An unofficial record of sorts may have been set 10 months ago when it comes to the San Antonio concert scene. That’s when Nightwish revealed it would be playing the Aztec Theatre in March 2016, a virtually unheard of case of advance notice that also served as a no-excuses scenario for catching the symphonic metal band in action.
The natives of Finland, fronted by an elegant Dutch dame with an operatic voice who saved the band’s future four years ago, made it well worth the wait Saturday night, treating approximately 1,500 fans to a magical 1-hour, 47-minute performance in support of Endless Forms Most Beautiful.
Floor Jansen, third in a line of female vocalists following Anette Olzon and Tarja Turunen for a band celebrating its 20th year, valiantly stepped in for her predecessor in October 2012 nine months into Nightwish’s world tour, debuting on stage in Seattle, as chronicled in the 2013 DVD “Showtime, Storytime” that included a documentary entitled “Please Learn the Setlist in 48 Hours.” Some 3 1/2 years later, Jansen showed the Alamo City why Nightwish made the right choice backed, largely and naturally, by guitarist Emppu Vuorinen, bassist Marco Hietala, keyboardist, chief songwriter and band founder Tuomas Holopainen, Uileann pipes player Troy Donockley and touring drummer Kai Hahto.
Opening with the latest CD’s first track, “Shudder Before the Beautiful,” Nightwish took to the stage after fellow Finnish friends Sonata Arctica and Dutch openers Delain (coverage here), embarking on a 16-song trek that entertained and amazed. The number of tunes was one more than Jansen had to learn in two days when she first sang for the band, but perhaps no less challenging. Nightwish’s passages and lyrics can be complex and thus can’t be pulled off by just anyone. Yet Jansen did it with a flair not often shown by Olzon. Jansen not only sang beautifully and commanded the stage, but she was a windmilling, headbanging machine for most of the night, using her long, flowing hair to her advantage on highlights such as new tune “Weak Fantasy” and the Olzon-era “Last Ride of the Day” (watch SAMME footage of the latter here).
The fact the concert was taking place as the Spurs hosted the 62-6 Golden State Warriors at the AT&T Center was not lost on Jansen who, after the opening number, told the crowd, “We know there’s a big game tonight, but you came out to be with us. And we thank you.” However, the fact that Nightwish was also competing somewhat with a sold-out Deftones concert at the Lone Star Brewery may have been.
No matter. Nightwish delivered the goods throughout the set. A balanced performance featured seven new Jansen-era songs with four additional tunes apiece from each of the two previous vocalists’ stints (see setlist in slideshow). Not to be outdone, however, was Hietala, who sang lead on an “unofficial” Nightwish offering. Hietala, who guest stars on the new CD Ghostlights by Tobias Sammet’s Avantasia (click here for an exclusive interview with Sammet), did the honors on “While Your Lips Are Still Red.” The track was written for the 2007 Finnish film “Lieska” (The Matriarch).

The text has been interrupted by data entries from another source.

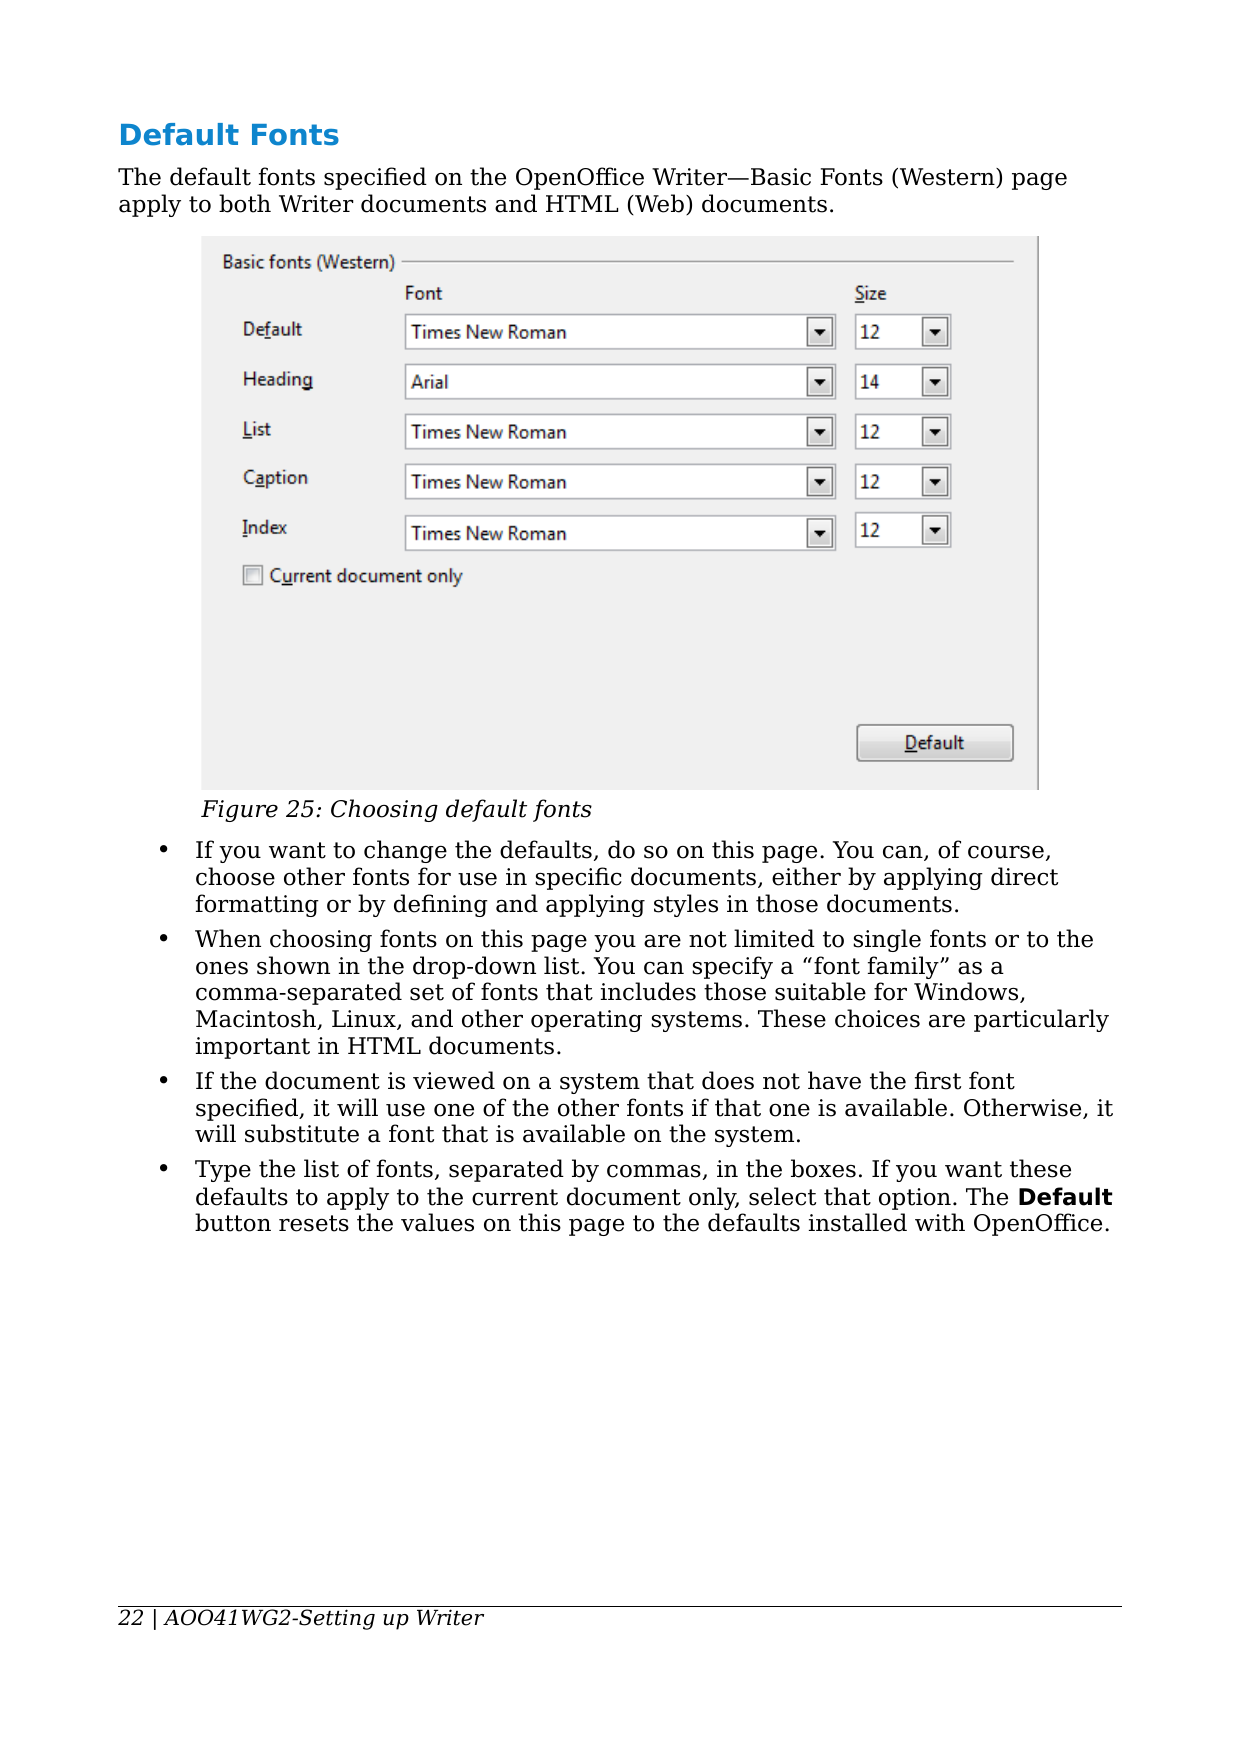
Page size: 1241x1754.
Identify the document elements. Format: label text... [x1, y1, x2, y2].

list If you want to change the defaults, do so on this page. You can, of course, choose other fonts for use in specific documents, either by applying direct formatting or by defining and applying styles in those documents. [156, 835, 1122, 917]
list When choosing fonts on this page you are not limited to single fonts or to the ones shown in the drop-down list. You can specify a “font family” as a comma‑separated set of fonts that includes those suitable for Windows, Macintosh, Linux, and other operating systems. These choices are particularly important in HTML documents. [156, 924, 1122, 1059]
text Figure 25: Choosing default fonts [201, 796, 1039, 822]
list The default fonts specified on the OpenOffice Writer—Basic Fonts (Western) page apply to both Writer documents and HTML (Web) documents. [118, 164, 1122, 218]
list Type the list of fonts, separated by commas, in the boxes. If you want these defaults to apply to the current document only, select that option. The Default button resets the values on this page to the defaults installed with OpenOffice. [156, 1154, 1122, 1237]
list If the document is viewed on a system that does not have the first font specified, it will use one of the other fonts if that one is available. Otherwise, it will substitute a font that is available on the system. [156, 1066, 1122, 1148]
subtitle Default Fonts [118, 118, 1122, 152]
picture [201, 236, 1039, 790]

The ballad saw the departure from the stage by Vuorinen while Donockley exchanged his Uileann pipes for the guitar in lieu of Nightwish’s regular lead guitarist. Uileann translates to “elbow” in Gaelic. The pipes do not require blowing into the instrument like standard bagpipes do. Not many bands, of course, have a pipe player, let alone allow him to interact with the crowd. But Donockley did just that upon introducing new tune “My Walden” when he said, “San Antonio translates to St. Anthony. You all knew that. But I bet you didn’t know that St. Anthony was the patron saint of headbanging. It’s true. We’re going to put that to the test with this next song.”
How refreshing to hear a band say something to a crowd it doesn’t say at every gig. Jansen did the same later on by referring to the Spurs-Warriors game again, this time referring to it as the “big basketball match.” That prompted Hietala to ask his singer, “Can I say something? I would choose rock over sports every time.”
For all the unusual timing and circumstances surrounding Jansen’s initial foray into the band in 2012, she wasn’t the newest member of Nightwish on stage. Hahto, known for his time in Wintersun, has filled in for original drummer Jukka Nevalainen since 2014, reportedly due to the latter’s struggles with insomnia. Hahto shined in particular on favorites such as “I Want My Tears Back” and “Ghost Love Score.”
The Aztec may not have afforded Nightwish the full production of pyro and the like. But it proved to be an appropriate setting given the band’s style of music, theatrical presence of its frontwoman and newest tunes heavy on a theme of evolution and the human species. Nightwish’s set truly showcased beautiful forms in more ways than one. With the band firing on all cylinders, it wouldn’t have been a bad thing if the show had been a little more endless as well.